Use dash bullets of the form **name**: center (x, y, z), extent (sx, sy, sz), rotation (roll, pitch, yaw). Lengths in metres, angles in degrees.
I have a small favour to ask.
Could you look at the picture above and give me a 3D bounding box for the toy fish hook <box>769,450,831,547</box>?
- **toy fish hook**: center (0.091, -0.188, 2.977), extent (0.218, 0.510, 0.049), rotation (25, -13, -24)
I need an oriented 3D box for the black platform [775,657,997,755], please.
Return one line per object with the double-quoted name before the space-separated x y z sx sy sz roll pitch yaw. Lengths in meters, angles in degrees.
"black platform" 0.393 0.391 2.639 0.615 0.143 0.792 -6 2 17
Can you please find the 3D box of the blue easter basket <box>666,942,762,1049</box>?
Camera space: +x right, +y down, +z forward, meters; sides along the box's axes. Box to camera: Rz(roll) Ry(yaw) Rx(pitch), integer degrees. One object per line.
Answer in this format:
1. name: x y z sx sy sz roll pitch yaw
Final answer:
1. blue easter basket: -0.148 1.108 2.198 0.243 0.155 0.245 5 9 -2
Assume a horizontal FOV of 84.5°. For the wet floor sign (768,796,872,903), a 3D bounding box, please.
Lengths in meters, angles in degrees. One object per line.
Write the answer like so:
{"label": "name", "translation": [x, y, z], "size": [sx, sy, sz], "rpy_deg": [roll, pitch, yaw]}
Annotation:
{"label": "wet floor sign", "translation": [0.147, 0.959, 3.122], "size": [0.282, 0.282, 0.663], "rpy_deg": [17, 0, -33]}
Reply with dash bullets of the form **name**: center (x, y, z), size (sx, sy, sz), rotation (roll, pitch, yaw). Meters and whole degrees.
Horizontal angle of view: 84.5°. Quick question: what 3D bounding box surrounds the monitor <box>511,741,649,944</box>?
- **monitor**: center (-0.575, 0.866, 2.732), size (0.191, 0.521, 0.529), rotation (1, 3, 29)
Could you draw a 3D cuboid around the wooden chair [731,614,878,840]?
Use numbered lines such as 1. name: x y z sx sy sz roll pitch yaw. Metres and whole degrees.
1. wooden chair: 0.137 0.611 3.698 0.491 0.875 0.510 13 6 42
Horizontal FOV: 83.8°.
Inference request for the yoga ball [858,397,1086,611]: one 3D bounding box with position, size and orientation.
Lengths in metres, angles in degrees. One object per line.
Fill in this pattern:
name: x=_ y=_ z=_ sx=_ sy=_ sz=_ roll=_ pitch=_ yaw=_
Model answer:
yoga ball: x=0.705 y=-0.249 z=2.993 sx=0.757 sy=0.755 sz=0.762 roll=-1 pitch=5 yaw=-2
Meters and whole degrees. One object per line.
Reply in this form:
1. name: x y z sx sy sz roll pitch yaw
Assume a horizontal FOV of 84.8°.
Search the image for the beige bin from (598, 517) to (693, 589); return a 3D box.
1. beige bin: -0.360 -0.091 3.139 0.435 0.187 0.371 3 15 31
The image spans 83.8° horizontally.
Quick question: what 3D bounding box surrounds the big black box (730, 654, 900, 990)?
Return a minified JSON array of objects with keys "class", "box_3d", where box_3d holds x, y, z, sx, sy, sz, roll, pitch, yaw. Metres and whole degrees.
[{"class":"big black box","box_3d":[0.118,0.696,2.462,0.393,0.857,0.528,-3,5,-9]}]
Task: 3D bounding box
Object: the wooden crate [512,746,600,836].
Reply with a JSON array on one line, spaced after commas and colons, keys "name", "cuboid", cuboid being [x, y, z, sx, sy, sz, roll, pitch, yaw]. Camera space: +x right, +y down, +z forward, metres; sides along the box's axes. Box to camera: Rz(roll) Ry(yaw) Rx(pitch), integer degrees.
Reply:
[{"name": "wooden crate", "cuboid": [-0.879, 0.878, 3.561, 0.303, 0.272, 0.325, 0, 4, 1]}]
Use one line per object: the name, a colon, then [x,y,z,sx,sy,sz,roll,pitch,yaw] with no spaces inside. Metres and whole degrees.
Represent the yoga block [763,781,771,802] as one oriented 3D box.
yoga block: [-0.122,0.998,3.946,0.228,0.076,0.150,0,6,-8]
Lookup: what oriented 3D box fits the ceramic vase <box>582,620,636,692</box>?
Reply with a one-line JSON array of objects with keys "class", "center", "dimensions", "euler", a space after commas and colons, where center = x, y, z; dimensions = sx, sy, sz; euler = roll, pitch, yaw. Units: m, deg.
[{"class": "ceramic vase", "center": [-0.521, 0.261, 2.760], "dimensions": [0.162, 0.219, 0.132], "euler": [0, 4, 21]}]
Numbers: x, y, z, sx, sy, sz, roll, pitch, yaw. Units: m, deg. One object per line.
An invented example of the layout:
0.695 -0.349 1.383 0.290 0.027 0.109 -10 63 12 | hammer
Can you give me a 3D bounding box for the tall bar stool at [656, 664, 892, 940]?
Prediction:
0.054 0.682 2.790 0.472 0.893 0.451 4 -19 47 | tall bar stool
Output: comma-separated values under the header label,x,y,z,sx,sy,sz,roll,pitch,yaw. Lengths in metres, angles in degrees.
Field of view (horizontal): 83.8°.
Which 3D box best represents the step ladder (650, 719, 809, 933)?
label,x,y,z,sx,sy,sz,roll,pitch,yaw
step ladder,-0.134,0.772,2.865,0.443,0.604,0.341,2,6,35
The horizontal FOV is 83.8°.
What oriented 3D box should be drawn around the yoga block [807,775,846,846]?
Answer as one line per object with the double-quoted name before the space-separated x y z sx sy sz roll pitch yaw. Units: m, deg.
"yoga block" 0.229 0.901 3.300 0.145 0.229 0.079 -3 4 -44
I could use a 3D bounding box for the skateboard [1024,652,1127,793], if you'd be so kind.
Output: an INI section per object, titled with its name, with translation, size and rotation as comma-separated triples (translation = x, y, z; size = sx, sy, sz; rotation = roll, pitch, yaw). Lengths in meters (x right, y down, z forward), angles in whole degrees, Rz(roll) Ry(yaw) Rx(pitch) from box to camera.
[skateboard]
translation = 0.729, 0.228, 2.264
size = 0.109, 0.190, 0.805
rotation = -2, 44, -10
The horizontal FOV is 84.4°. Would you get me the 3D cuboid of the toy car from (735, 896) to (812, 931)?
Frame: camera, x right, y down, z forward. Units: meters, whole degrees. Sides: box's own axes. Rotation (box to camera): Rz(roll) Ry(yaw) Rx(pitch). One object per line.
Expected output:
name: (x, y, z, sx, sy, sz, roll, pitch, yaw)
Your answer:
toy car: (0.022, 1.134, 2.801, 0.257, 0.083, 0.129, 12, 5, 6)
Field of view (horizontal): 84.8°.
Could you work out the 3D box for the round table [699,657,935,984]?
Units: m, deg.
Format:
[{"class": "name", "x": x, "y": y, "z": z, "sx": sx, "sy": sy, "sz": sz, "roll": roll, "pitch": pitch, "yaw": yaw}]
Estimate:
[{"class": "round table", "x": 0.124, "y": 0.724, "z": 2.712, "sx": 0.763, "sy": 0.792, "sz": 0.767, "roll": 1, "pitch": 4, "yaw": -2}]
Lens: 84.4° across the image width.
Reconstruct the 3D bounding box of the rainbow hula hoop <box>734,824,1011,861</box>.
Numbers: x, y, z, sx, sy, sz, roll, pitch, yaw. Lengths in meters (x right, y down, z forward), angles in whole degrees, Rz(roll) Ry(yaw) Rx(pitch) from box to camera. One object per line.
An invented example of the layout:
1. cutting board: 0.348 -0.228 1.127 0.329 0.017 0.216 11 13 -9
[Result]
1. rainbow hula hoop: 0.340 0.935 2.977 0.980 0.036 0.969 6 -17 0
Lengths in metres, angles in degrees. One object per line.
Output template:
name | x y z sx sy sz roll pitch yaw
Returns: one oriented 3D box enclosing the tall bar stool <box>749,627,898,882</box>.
+ + + + + + +
* TO DO: In full and without alteration, copy the entries.

* SOLUTION:
Use dash bullets of the form **name**: center (x, y, z), extent (sx, sy, sz), rotation (roll, pitch, yaw). Lengths in metres, angles in degrees.
I have a small favour to ask.
Could you look at the picture above and give me a 3D bounding box for the toy fish hook <box>769,450,831,547</box>?
- **toy fish hook**: center (0.091, -0.188, 2.977), extent (0.218, 0.510, 0.049), rotation (25, -13, -24)
I need an oriented 3D box for the black platform [775,657,997,755], please.
Return one line per object with the double-quoted name before the space-separated x y z sx sy sz roll pitch yaw. Lengths in meters, angles in degrees.
"black platform" 0.393 0.391 2.639 0.615 0.143 0.792 -6 2 17
Can you please find the 3D box of the blue easter basket <box>666,942,762,1049</box>?
Camera space: +x right, +y down, +z forward, meters; sides along the box's axes. Box to camera: Rz(roll) Ry(yaw) Rx(pitch), integer degrees. One object per line.
Answer in this format:
1. name: x y z sx sy sz roll pitch yaw
Final answer:
1. blue easter basket: -0.148 1.108 2.198 0.243 0.155 0.245 5 9 -2
Assume a horizontal FOV of 84.5°. For the wet floor sign (768,796,872,903), a 3D bounding box, please.
Lengths in meters, angles in degrees. One object per line.
Write the answer like so:
{"label": "name", "translation": [x, y, z], "size": [sx, sy, sz], "rpy_deg": [roll, pitch, yaw]}
Annotation:
{"label": "wet floor sign", "translation": [0.147, 0.959, 3.122], "size": [0.282, 0.282, 0.663], "rpy_deg": [17, 0, -33]}
Reply with dash bullets of the form **name**: center (x, y, z), size (sx, sy, sz), rotation (roll, pitch, yaw). Meters and whole degrees.
Horizontal angle of view: 84.5°. Quick question: what 3D bounding box surrounds the monitor <box>511,741,649,944</box>?
- **monitor**: center (-0.575, 0.866, 2.732), size (0.191, 0.521, 0.529), rotation (1, 3, 29)
Could you draw a 3D cuboid around the wooden chair [731,614,878,840]?
Use numbered lines such as 1. name: x y z sx sy sz roll pitch yaw. Metres and whole degrees.
1. wooden chair: 0.137 0.611 3.698 0.491 0.875 0.510 13 6 42
Horizontal FOV: 83.8°.
Inference request for the yoga ball [858,397,1086,611]: one 3D bounding box with position, size and orientation.
Lengths in metres, angles in degrees. One object per line.
Fill in this pattern:
name: x=_ y=_ z=_ sx=_ sy=_ sz=_ roll=_ pitch=_ yaw=_
Model answer:
yoga ball: x=0.705 y=-0.249 z=2.993 sx=0.757 sy=0.755 sz=0.762 roll=-1 pitch=5 yaw=-2
Meters and whole degrees. One object per line.
Reply in this form:
1. name: x y z sx sy sz roll pitch yaw
Assume a horizontal FOV of 84.8°.
Search the image for the beige bin from (598, 517) to (693, 589); return a 3D box.
1. beige bin: -0.360 -0.091 3.139 0.435 0.187 0.371 3 15 31
The image spans 83.8° horizontally.
Quick question: what 3D bounding box surrounds the big black box (730, 654, 900, 990)?
Return a minified JSON array of objects with keys "class", "box_3d", where box_3d holds x, y, z, sx, sy, sz, roll, pitch, yaw. Metres and whole degrees.
[{"class":"big black box","box_3d":[0.118,0.696,2.462,0.393,0.857,0.528,-3,5,-9]}]
Task: 3D bounding box
Object: the wooden crate [512,746,600,836].
Reply with a JSON array on one line, spaced after commas and colons, keys "name", "cuboid", cuboid being [x, y, z, sx, sy, sz, roll, pitch, yaw]. Camera space: +x right, +y down, +z forward, metres; sides along the box's axes. Box to camera: Rz(roll) Ry(yaw) Rx(pitch), integer degrees.
Reply:
[{"name": "wooden crate", "cuboid": [-0.879, 0.878, 3.561, 0.303, 0.272, 0.325, 0, 4, 1]}]
Use one line per object: the name, a colon, then [x,y,z,sx,sy,sz,roll,pitch,yaw] with no spaces inside. Metres and whole degrees.
Represent the yoga block [763,781,771,802] as one oriented 3D box.
yoga block: [-0.122,0.998,3.946,0.228,0.076,0.150,0,6,-8]
Lookup: what oriented 3D box fits the ceramic vase <box>582,620,636,692</box>?
Reply with a one-line JSON array of objects with keys "class", "center", "dimensions", "euler", a space after commas and colons, where center = x, y, z; dimensions = sx, sy, sz; euler = roll, pitch, yaw. Units: m, deg.
[{"class": "ceramic vase", "center": [-0.521, 0.261, 2.760], "dimensions": [0.162, 0.219, 0.132], "euler": [0, 4, 21]}]
Numbers: x, y, z, sx, sy, sz, roll, pitch, yaw. Units: m, deg. One object per line.
An invented example of the layout:
0.695 -0.349 1.383 0.290 0.027 0.109 -10 63 12 | hammer
Can you give me a 3D bounding box for the tall bar stool at [656, 664, 892, 940]?
Prediction:
0.054 0.682 2.790 0.472 0.893 0.451 4 -19 47 | tall bar stool
Output: comma-separated values under the header label,x,y,z,sx,sy,sz,roll,pitch,yaw. Lengths in metres, angles in degrees.
Field of view (horizontal): 83.8°.
Which 3D box best represents the step ladder (650, 719, 809, 933)?
label,x,y,z,sx,sy,sz,roll,pitch,yaw
step ladder,-0.134,0.772,2.865,0.443,0.604,0.341,2,6,35
The horizontal FOV is 83.8°.
What oriented 3D box should be drawn around the yoga block [807,775,846,846]?
Answer as one line per object with the double-quoted name before the space-separated x y z sx sy sz roll pitch yaw. Units: m, deg.
"yoga block" 0.229 0.901 3.300 0.145 0.229 0.079 -3 4 -44
I could use a 3D bounding box for the skateboard [1024,652,1127,793], if you'd be so kind.
Output: an INI section per object, titled with its name, with translation, size and rotation as comma-separated triples (translation = x, y, z; size = sx, sy, sz; rotation = roll, pitch, yaw). Lengths in meters (x right, y down, z forward), angles in whole degrees, Rz(roll) Ry(yaw) Rx(pitch) from box to camera.
[skateboard]
translation = 0.729, 0.228, 2.264
size = 0.109, 0.190, 0.805
rotation = -2, 44, -10
The horizontal FOV is 84.4°. Would you get me the 3D cuboid of the toy car from (735, 896) to (812, 931)?
Frame: camera, x right, y down, z forward. Units: meters, whole degrees. Sides: box's own axes. Rotation (box to camera): Rz(roll) Ry(yaw) Rx(pitch). One object per line.
Expected output:
name: (x, y, z, sx, sy, sz, roll, pitch, yaw)
Your answer:
toy car: (0.022, 1.134, 2.801, 0.257, 0.083, 0.129, 12, 5, 6)
Field of view (horizontal): 84.8°.
Could you work out the 3D box for the round table [699,657,935,984]?
Units: m, deg.
Format:
[{"class": "name", "x": x, "y": y, "z": z, "sx": sx, "sy": sy, "sz": sz, "roll": roll, "pitch": pitch, "yaw": yaw}]
Estimate:
[{"class": "round table", "x": 0.124, "y": 0.724, "z": 2.712, "sx": 0.763, "sy": 0.792, "sz": 0.767, "roll": 1, "pitch": 4, "yaw": -2}]
Lens: 84.4° across the image width.
Reconstruct the 3D bounding box of the rainbow hula hoop <box>734,824,1011,861</box>.
Numbers: x, y, z, sx, sy, sz, roll, pitch, yaw. Lengths in meters (x right, y down, z forward), angles in whole degrees, Rz(roll) Ry(yaw) Rx(pitch) from box to camera. One object per line.
An invented example of the layout:
1. cutting board: 0.348 -0.228 1.127 0.329 0.017 0.216 11 13 -9
[Result]
1. rainbow hula hoop: 0.340 0.935 2.977 0.980 0.036 0.969 6 -17 0
Lengths in metres, angles in degrees. One object per line.
Output template:
name | x y z sx sy sz roll pitch yaw
Returns: one oriented 3D box enclosing the tall bar stool <box>749,627,898,882</box>.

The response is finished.